After breakfast at the counter at Pete’s Luncheonette, where Doris pours the best coffee in New York, I go to my office, a nondescript little brick building across the street from the Hudson River docks. Judson Zane will tell me what clients want, what I’m lined up to steal or smuggle. If all goes well, I’ll bring the goods into New York without incident. But that’s not usually the way it goes. Someone usually tries to muscle in, or a cop thinks they can pin me, or a woman thinks she can distract me, or someone tries to kill me. I’m always on my guard, protecting my life—and protecting my heart from breaking completely from the loss of my beloved Sophie.


Giveaway: Leave a comment below for your chance to win copy of Flesh and Gold, either Kindle, Nook, PDF (open to everyone) or print (U.S. residents only), winner’s choice. The giveaway will end October 3, 2018. Good luck everyone!


You can read about Cantor in Flesh and Gold, the fourth book in the “Cantor Gold” mystery series.

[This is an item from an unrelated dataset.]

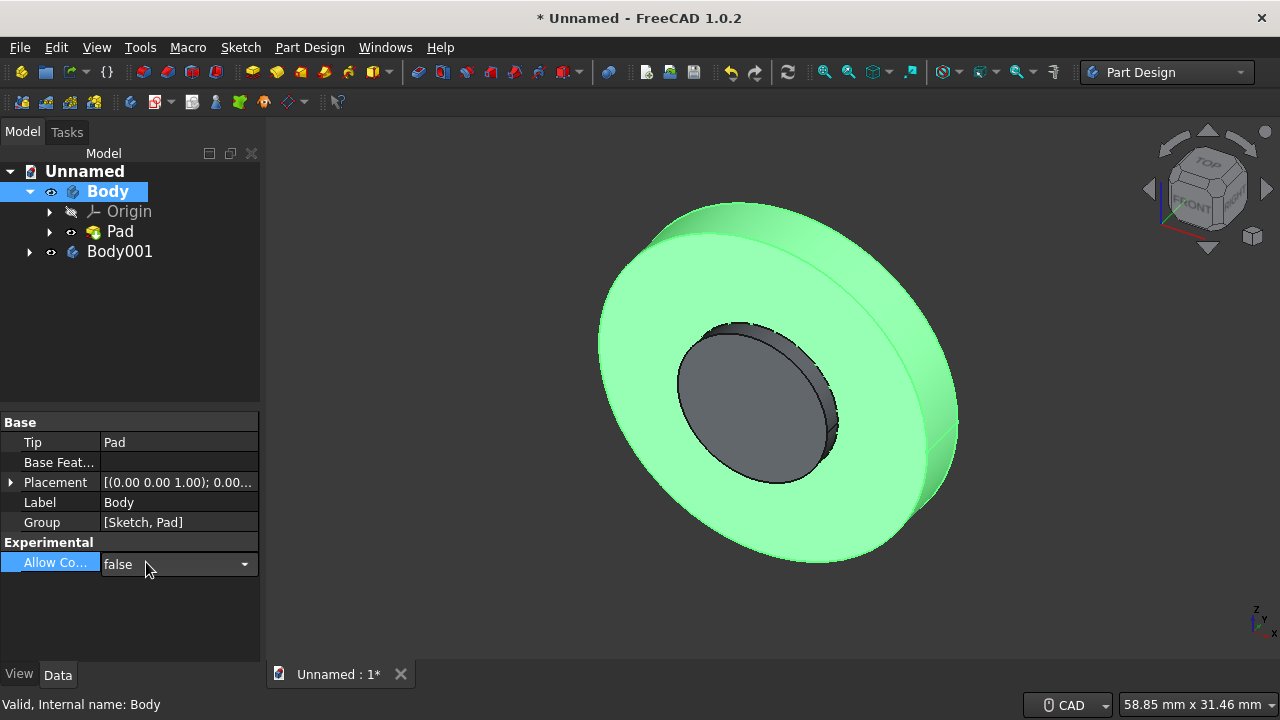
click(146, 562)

Havana, 1952, a city throbbing with pleasure and danger, where the Mob peddles glamour to the tourists and there’s plenty of sex for sale. In the swanky hotels and casinos, and the steamy, secretive Red Light district of the Colon, Cantor Gold, dapper art thief and smuggler, searches the streets and brothels for her kidnapped love, Sophie de la Luna y Sol. Cantor races against time while trying to out run the deadly schemes of American mobsters and the gunsights of murderous local gangs.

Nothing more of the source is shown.